***** Records to use *****
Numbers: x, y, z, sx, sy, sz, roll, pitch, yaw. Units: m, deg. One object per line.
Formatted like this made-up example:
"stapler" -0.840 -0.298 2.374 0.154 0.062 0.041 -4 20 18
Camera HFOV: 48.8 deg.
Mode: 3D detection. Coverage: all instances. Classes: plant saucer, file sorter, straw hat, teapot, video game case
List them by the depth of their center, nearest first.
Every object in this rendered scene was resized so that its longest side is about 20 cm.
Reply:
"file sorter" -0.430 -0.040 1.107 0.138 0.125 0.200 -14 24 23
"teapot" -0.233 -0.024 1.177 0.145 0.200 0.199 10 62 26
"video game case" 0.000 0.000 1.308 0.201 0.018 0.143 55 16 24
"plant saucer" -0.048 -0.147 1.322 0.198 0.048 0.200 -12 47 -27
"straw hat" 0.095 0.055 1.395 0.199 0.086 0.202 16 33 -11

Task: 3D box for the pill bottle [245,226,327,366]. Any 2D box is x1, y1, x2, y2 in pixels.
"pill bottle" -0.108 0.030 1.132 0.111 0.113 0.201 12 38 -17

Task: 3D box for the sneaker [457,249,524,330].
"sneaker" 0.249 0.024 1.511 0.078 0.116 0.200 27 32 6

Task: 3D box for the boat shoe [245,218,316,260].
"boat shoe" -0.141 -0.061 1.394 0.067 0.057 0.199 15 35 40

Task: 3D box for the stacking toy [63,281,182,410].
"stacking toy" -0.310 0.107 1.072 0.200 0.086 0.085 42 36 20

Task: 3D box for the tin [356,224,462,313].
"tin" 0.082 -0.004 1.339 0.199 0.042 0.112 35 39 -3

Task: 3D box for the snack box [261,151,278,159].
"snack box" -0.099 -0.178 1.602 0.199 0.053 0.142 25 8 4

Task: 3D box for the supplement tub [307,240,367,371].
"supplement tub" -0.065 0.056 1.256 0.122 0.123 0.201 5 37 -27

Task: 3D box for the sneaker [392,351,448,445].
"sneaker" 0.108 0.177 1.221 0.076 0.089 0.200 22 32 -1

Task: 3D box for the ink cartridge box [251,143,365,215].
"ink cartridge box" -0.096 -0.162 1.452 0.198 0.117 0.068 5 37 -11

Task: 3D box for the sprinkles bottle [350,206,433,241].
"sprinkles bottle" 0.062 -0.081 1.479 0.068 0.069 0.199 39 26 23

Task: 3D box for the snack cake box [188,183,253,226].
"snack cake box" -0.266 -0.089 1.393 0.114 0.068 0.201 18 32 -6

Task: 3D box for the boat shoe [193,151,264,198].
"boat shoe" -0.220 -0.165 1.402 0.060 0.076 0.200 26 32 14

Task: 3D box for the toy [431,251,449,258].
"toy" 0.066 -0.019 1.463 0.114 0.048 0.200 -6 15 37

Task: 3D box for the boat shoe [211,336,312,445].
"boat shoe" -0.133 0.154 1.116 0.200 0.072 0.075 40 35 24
*****
• _Exercise description_
Everything from the first line of the records above to the line containing "Mode: 3D detection.", inclusive, should be repeated exactly; leave out the rest.

• _Task solution_
Numbers: x, y, z, sx, sy, sz, roll, pitch, yaw. Units: m, deg. One object per line.
Formatted like this made-up example:
"stapler" -0.840 -0.298 2.374 0.154 0.062 0.041 -4 20 18
Camera HFOV: 48.8 deg.
Mode: 3D detection. Coverage: all instances. Classes: plant saucer, file sorter, straw hat, teapot, video game case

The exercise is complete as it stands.